> **Record excerpts**:

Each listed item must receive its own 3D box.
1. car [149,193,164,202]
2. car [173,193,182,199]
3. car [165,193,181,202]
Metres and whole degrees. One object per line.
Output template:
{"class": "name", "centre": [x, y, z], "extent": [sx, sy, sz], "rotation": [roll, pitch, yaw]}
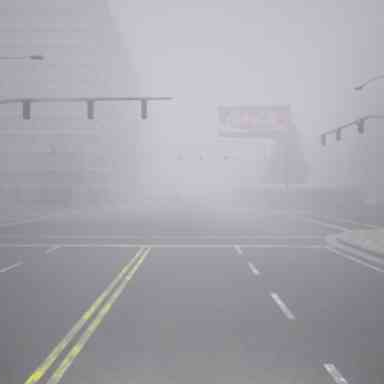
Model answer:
{"class": "car", "centre": [-7.029, 1.055, 64.234], "extent": [1.882, 1.535, 5.008], "rotation": [0, 0, 1]}
{"class": "car", "centre": [-3.511, 0.987, 80.222], "extent": [1.812, 1.442, 4.674], "rotation": [0, 0, 0]}
{"class": "car", "centre": [-3.522, 1.125, 64.229], "extent": [2.033, 1.411, 5.357], "rotation": [0, 0, 0]}
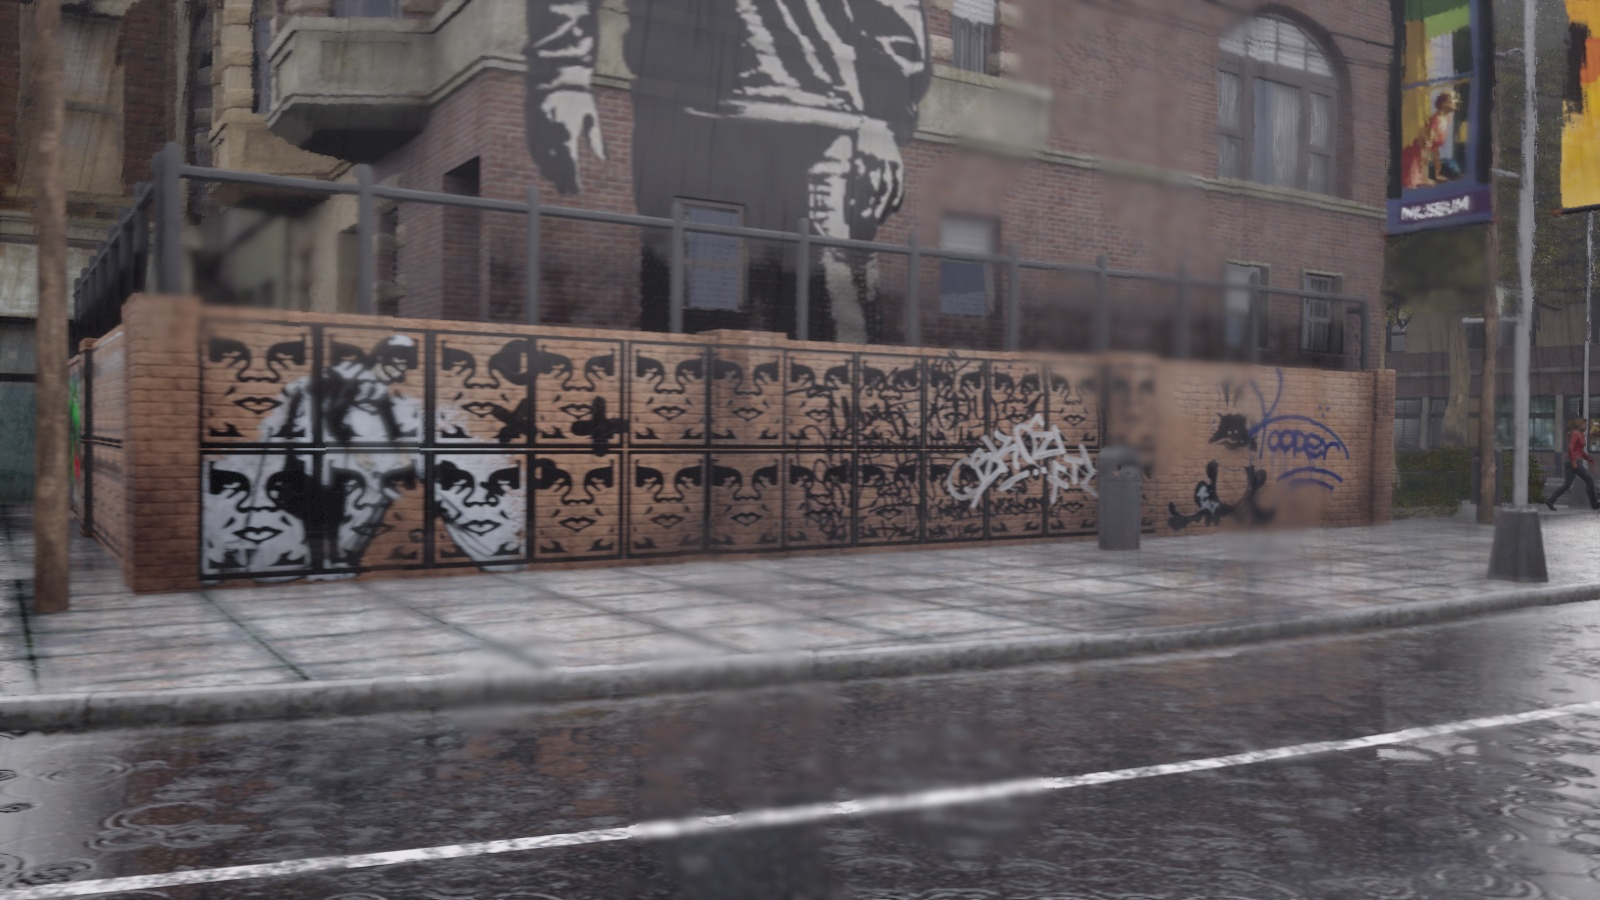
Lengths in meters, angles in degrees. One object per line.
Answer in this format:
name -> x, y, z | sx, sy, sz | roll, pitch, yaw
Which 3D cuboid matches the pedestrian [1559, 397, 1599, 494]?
pedestrian -> 14.948, -0.081, 24.104 | 0.636, 1.846, 0.331 | 0, 1, 30
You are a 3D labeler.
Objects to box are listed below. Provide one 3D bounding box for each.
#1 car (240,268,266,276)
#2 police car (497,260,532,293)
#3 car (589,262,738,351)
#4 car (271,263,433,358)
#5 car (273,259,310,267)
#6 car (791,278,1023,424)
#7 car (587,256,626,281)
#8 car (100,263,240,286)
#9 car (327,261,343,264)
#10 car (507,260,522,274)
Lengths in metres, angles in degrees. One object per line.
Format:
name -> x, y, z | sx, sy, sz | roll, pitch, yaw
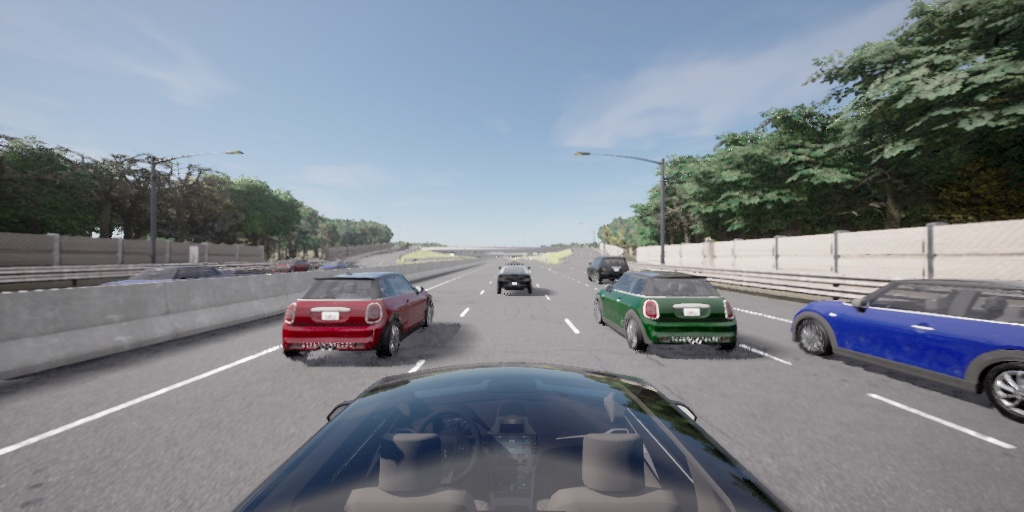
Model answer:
car -> -17.551, 1.424, 21.937 | 1.895, 1.301, 4.718 | 0, 0, 0
police car -> 0.146, 1.248, 21.387 | 1.930, 1.638, 5.238 | 0, 0, 0
car -> 3.611, 1.160, 9.317 | 2.097, 1.767, 4.553 | 0, 0, 0
car -> -3.392, 1.157, 8.833 | 2.097, 1.767, 4.553 | 0, 0, 0
car -> -24.374, 1.157, 39.718 | 2.097, 1.767, 4.553 | 0, 0, 1
car -> 7.105, 1.138, 5.876 | 2.097, 1.767, 4.553 | 0, 0, 0
car -> 7.185, 1.037, 27.191 | 2.150, 2.045, 5.566 | 0, 0, 1
car -> -14.077, 1.177, 14.712 | 2.097, 1.767, 4.553 | 0, 0, 0
car -> -20.827, 1.371, 42.082 | 1.812, 1.442, 4.674 | 0, 0, 0
car -> 0.296, 1.254, 44.475 | 1.801, 1.575, 5.366 | 0, 0, 0
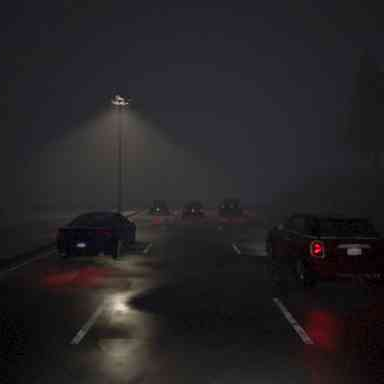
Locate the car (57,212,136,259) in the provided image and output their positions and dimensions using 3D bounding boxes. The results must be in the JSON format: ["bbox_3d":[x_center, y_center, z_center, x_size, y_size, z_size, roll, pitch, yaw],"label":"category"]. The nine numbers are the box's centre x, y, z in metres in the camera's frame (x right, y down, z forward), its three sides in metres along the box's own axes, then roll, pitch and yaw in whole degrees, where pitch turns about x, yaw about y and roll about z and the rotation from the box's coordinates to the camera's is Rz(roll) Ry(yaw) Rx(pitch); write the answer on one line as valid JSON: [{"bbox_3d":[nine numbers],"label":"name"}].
[{"bbox_3d":[-3.399,1.477,12.689,1.882,1.535,5.008,0,0,0],"label":"car"}]

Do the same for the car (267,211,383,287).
[{"bbox_3d":[3.599,1.351,9.489,2.097,1.767,4.553,0,0,0],"label":"car"}]

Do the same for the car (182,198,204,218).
[{"bbox_3d":[0.094,1.548,29.777,2.033,1.411,5.357,0,0,0],"label":"car"}]

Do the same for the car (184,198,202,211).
[{"bbox_3d":[0.241,1.491,42.097,2.128,1.511,4.902,0,0,2],"label":"car"}]

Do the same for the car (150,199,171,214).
[{"bbox_3d":[-3.391,1.501,35.471,1.837,1.490,4.892,0,-1,0],"label":"car"}]

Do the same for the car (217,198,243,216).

> **Work request**: Retype every entry exactly, but keep the pictures out of your copy.

> **Solution to the exercise**:
Each listed item must receive its own 3D box.
1. car [149,193,164,202]
2. car [173,193,182,199]
3. car [165,193,181,202]
Metres and whole degrees. One object per line.
Output template:
{"class": "name", "centre": [x, y, z], "extent": [sx, sy, sz], "rotation": [roll, pitch, yaw]}
Model answer:
{"class": "car", "centre": [-7.029, 1.055, 64.234], "extent": [1.882, 1.535, 5.008], "rotation": [0, 0, 1]}
{"class": "car", "centre": [-3.511, 0.987, 80.222], "extent": [1.812, 1.442, 4.674], "rotation": [0, 0, 0]}
{"class": "car", "centre": [-3.522, 1.125, 64.229], "extent": [2.033, 1.411, 5.357], "rotation": [0, 0, 0]}
Lengths in meters, angles in degrees. One object per line.
Answer in this format:
name -> x, y, z | sx, sy, sz | roll, pitch, yaw
Which 3D cuboid matches the pedestrian [1559, 397, 1599, 494]?
pedestrian -> 14.948, -0.081, 24.104 | 0.636, 1.846, 0.331 | 0, 1, 30
You are a 3D labeler.
Objects to box are listed below. Provide one 3D bounding box for each.
#1 car (240,268,266,276)
#2 police car (497,260,532,293)
#3 car (589,262,738,351)
#4 car (271,263,433,358)
#5 car (273,259,310,267)
#6 car (791,278,1023,424)
#7 car (587,256,626,281)
#8 car (100,263,240,286)
#9 car (327,261,343,264)
#10 car (507,260,522,274)
Lengths in metres, angles in degrees. One object per line.
Format:
name -> x, y, z | sx, sy, sz | roll, pitch, yaw
Model answer:
car -> -17.551, 1.424, 21.937 | 1.895, 1.301, 4.718 | 0, 0, 0
police car -> 0.146, 1.248, 21.387 | 1.930, 1.638, 5.238 | 0, 0, 0
car -> 3.611, 1.160, 9.317 | 2.097, 1.767, 4.553 | 0, 0, 0
car -> -3.392, 1.157, 8.833 | 2.097, 1.767, 4.553 | 0, 0, 0
car -> -24.374, 1.157, 39.718 | 2.097, 1.767, 4.553 | 0, 0, 1
car -> 7.105, 1.138, 5.876 | 2.097, 1.767, 4.553 | 0, 0, 0
car -> 7.185, 1.037, 27.191 | 2.150, 2.045, 5.566 | 0, 0, 1
car -> -14.077, 1.177, 14.712 | 2.097, 1.767, 4.553 | 0, 0, 0
car -> -20.827, 1.371, 42.082 | 1.812, 1.442, 4.674 | 0, 0, 0
car -> 0.296, 1.254, 44.475 | 1.801, 1.575, 5.366 | 0, 0, 0
Locate the car (57,212,136,259) in the provided image and output their positions and dimensions using 3D bounding boxes. The results must be in the JSON format: ["bbox_3d":[x_center, y_center, z_center, x_size, y_size, z_size, roll, pitch, yaw],"label":"category"]. The nine numbers are the box's centre x, y, z in metres in the camera's frame (x right, y down, z forward), its three sides in metres along the box's own axes, then roll, pitch and yaw in whole degrees, where pitch turns about x, yaw about y and roll about z and the rotation from the box's coordinates to the camera's is Rz(roll) Ry(yaw) Rx(pitch); write the answer on one line as valid JSON: [{"bbox_3d":[nine numbers],"label":"name"}].
[{"bbox_3d":[-3.399,1.477,12.689,1.882,1.535,5.008,0,0,0],"label":"car"}]

Do the same for the car (267,211,383,287).
[{"bbox_3d":[3.599,1.351,9.489,2.097,1.767,4.553,0,0,0],"label":"car"}]

Do the same for the car (182,198,204,218).
[{"bbox_3d":[0.094,1.548,29.777,2.033,1.411,5.357,0,0,0],"label":"car"}]

Do the same for the car (184,198,202,211).
[{"bbox_3d":[0.241,1.491,42.097,2.128,1.511,4.902,0,0,2],"label":"car"}]

Do the same for the car (150,199,171,214).
[{"bbox_3d":[-3.391,1.501,35.471,1.837,1.490,4.892,0,-1,0],"label":"car"}]

Do the same for the car (217,198,243,216).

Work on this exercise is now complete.